::: Data for analysis
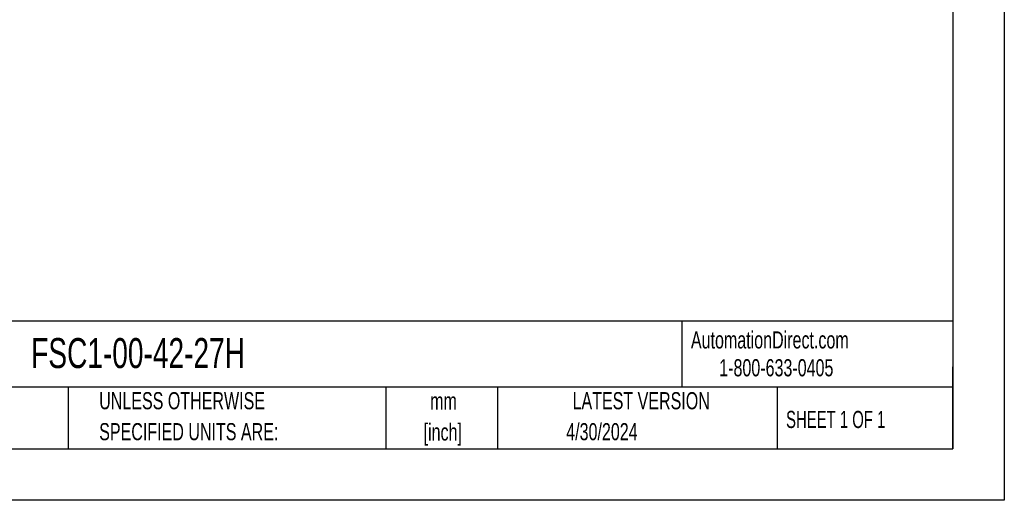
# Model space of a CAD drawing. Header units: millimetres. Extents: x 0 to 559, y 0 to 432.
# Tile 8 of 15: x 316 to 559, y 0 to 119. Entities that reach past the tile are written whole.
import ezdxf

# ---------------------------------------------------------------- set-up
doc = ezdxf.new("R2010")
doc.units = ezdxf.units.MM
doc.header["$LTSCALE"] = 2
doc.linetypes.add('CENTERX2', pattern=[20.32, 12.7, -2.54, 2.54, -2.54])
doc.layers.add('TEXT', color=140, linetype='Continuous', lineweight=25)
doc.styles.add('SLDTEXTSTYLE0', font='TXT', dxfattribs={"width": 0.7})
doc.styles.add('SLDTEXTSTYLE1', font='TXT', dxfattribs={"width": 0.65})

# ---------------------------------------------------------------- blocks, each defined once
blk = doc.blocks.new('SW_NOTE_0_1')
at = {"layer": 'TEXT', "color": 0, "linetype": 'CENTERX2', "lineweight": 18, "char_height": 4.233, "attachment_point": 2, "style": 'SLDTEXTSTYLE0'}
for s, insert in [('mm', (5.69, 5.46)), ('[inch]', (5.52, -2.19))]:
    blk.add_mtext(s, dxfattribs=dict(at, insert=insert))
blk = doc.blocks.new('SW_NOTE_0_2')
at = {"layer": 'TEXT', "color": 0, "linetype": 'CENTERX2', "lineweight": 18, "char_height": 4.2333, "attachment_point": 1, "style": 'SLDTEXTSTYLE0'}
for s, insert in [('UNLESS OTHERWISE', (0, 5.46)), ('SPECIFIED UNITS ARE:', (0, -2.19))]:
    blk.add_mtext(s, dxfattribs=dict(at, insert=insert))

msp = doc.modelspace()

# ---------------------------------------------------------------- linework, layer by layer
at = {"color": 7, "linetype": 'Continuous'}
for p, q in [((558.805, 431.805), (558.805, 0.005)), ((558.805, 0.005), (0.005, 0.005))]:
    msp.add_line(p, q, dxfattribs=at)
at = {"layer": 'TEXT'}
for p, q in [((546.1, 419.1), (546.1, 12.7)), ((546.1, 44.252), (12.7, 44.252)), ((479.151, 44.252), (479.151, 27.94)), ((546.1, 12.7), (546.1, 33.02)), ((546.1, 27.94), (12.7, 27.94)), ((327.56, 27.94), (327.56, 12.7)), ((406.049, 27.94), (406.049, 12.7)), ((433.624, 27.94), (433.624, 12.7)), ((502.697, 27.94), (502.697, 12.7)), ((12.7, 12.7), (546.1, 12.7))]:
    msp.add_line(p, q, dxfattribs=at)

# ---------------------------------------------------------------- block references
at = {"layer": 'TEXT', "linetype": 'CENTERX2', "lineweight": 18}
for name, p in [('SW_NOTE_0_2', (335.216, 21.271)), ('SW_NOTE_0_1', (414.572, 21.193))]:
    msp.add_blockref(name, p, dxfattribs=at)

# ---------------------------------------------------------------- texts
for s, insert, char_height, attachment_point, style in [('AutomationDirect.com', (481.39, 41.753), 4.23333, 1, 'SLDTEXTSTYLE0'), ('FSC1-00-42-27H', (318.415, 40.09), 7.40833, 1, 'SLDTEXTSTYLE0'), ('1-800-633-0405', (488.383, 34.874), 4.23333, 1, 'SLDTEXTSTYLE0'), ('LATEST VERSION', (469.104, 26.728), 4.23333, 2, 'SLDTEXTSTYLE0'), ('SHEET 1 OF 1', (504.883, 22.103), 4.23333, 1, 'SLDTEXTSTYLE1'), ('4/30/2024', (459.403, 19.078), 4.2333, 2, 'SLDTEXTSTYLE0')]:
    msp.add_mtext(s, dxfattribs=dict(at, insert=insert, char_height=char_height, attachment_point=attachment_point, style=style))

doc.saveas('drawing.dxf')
::::::
→ Required action
Copy whichever lines in the listing above contain the word "blocks".

→ Exercise result
# ---------------------------------------------------------------- blocks, each defined once
blk = doc.blocks.new('SW_NOTE_0_1')
blk = doc.blocks.new('SW_NOTE_0_2')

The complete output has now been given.